I feel like if you read this book as a literacy fiction novel with a lens towards social commentary in America, it is stunning. The layers and layers of metaphor on discomfort and humanity—so good! The author’s craft leads readers through a sociological exercise where they is forced to grapple with what it means to be part of the human race, particularly in the context of individualism in Western culture. The fact that the author took ALL OF THAT, and weaved it within the unraveling of a literal apocalypse (of which specifics are vastly unknown)….So. Damn. Good. I had chills multiple times and ran out of ink in my highlighter. 

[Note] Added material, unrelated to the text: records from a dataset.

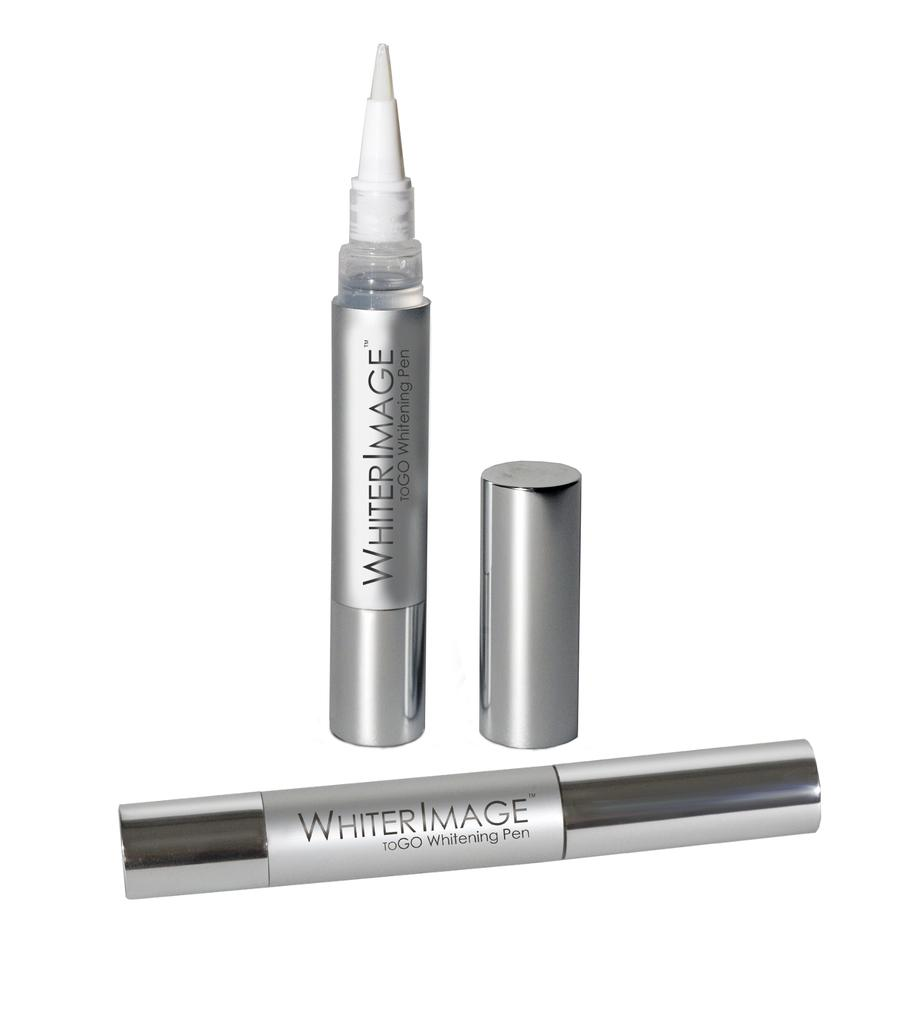<image>
Render a clear and concise summary of the photo. Whiter Image to go whitening pen in a picture 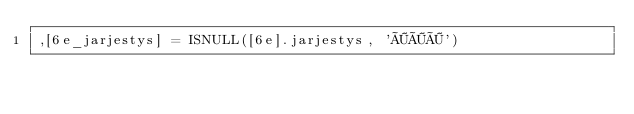Convert code to text. <code><loc_0><loc_0><loc_500><loc_500><_SQL_>,[6e_jarjestys] = ISNULL([6e].jarjestys, 'ÖÖÖ')</code> 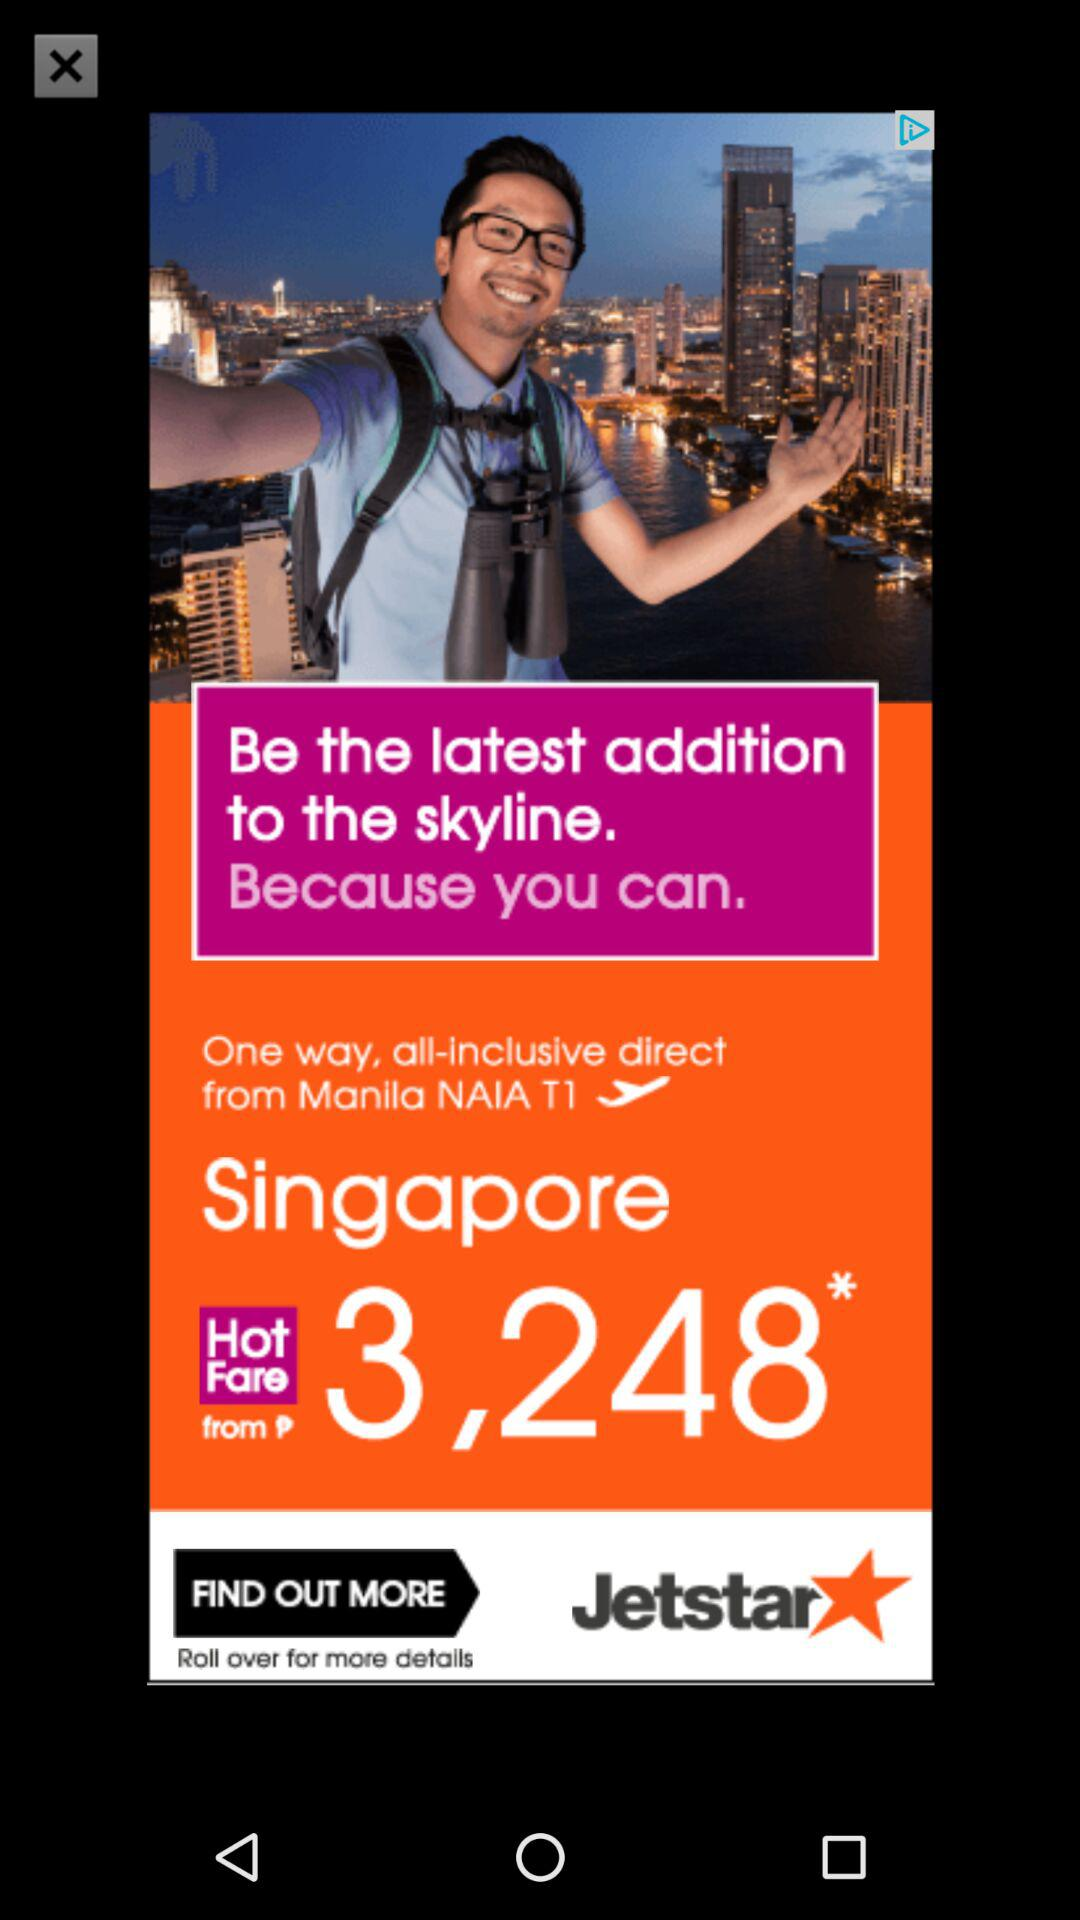What is the name of the application? The name of the application is "Jetstar".

Very reminiscent of Stephen King, particularly “Under the Dome”. If you liked that, you’ll love this. For people SOLELY looking for a thriller or commentary on race/social class, turn elsewhere…this book intentionally subverts the expectations of those genres. 

I love how the omniscient narrator stingily portioned out information, which shamefully left me feeling the same desperate NEED for information that the book was critiquing! 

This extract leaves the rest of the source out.